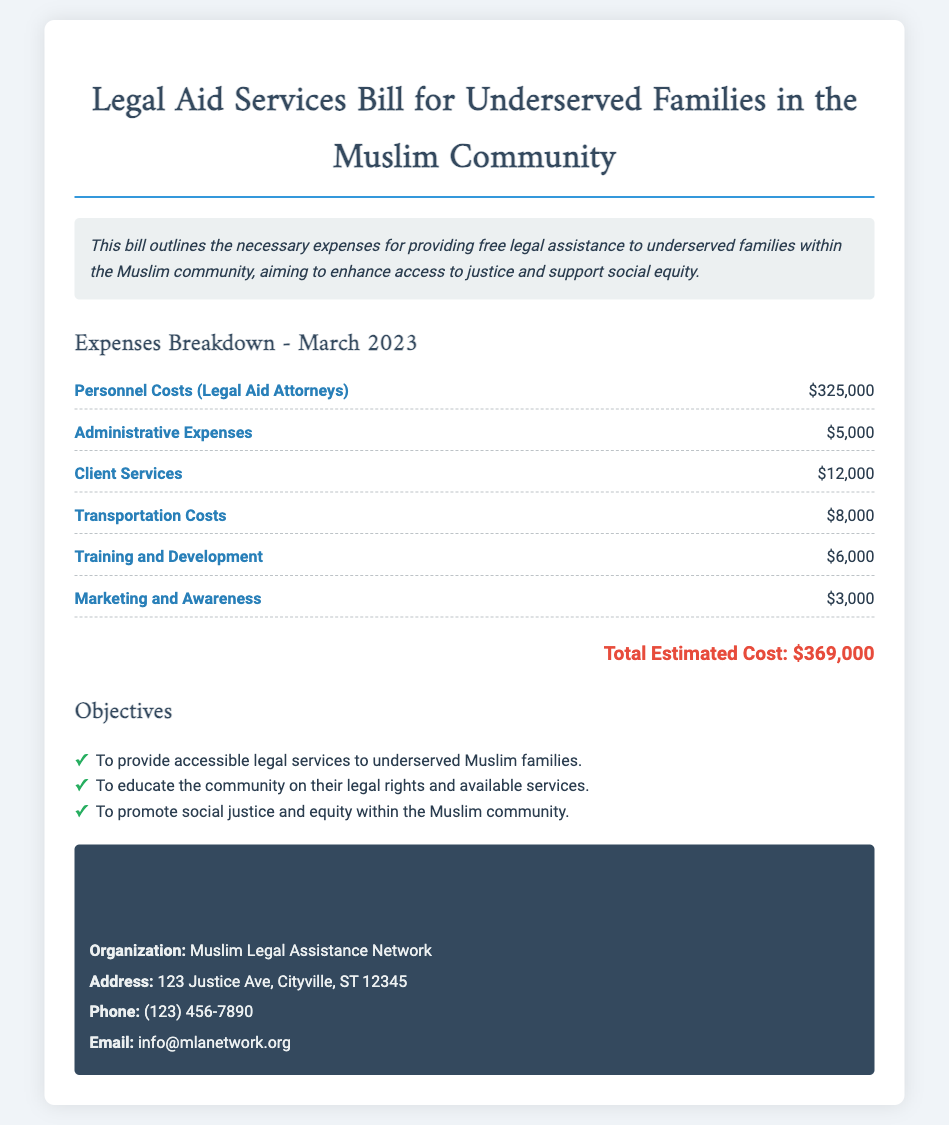What is the total estimated cost? The total estimated cost is stated at the bottom of the expenses section in the document.
Answer: $369,000 What is the main purpose of the bill? The summary outlines that the bill aims to provide legal assistance to underserved families.
Answer: Free legal assistance What is the expense for Personnel Costs? The specific amount for Personnel Costs is provided in the expense breakdown.
Answer: $325,000 How much is allocated for Training and Development? The expense breakdown includes a specific allocation for Training and Development.
Answer: $6,000 What organization is mentioned in the contact information? The document provides the name of the organization responsible for the legal aid services.
Answer: Muslim Legal Assistance Network What is the transportation cost? The expense breakdown lists the Transportation Costs separately.
Answer: $8,000 What is one of the objectives of the bill? The objectives section lists the goals of the bill, which can be referenced.
Answer: To provide accessible legal services to underserved Muslim families How much is allocated for Marketing and Awareness? The expense breakdown includes a specific amount for Marketing and Awareness expenses.
Answer: $3,000 What is the address of the organization? The document provides specific contact information, including the address.
Answer: 123 Justice Ave, Cityville, ST 12345

* Instructions to follow *
Output each entry shown above exactly as it stands, with all pictures removed.

* Your response *
What is the total estimated cost? The total estimated cost is stated at the bottom of the expenses section in the document.
Answer: $369,000 What is the main purpose of the bill? The summary outlines that the bill aims to provide legal assistance to underserved families.
Answer: Free legal assistance What is the expense for Personnel Costs? The specific amount for Personnel Costs is provided in the expense breakdown.
Answer: $325,000 How much is allocated for Training and Development? The expense breakdown includes a specific allocation for Training and Development.
Answer: $6,000 What organization is mentioned in the contact information? The document provides the name of the organization responsible for the legal aid services.
Answer: Muslim Legal Assistance Network What is the transportation cost? The expense breakdown lists the Transportation Costs separately.
Answer: $8,000 What is one of the objectives of the bill? The objectives section lists the goals of the bill, which can be referenced.
Answer: To provide accessible legal services to underserved Muslim families How much is allocated for Marketing and Awareness? The expense breakdown includes a specific amount for Marketing and Awareness expenses.
Answer: $3,000 What is the address of the organization? The document provides specific contact information, including the address.
Answer: 123 Justice Ave, Cityville, ST 12345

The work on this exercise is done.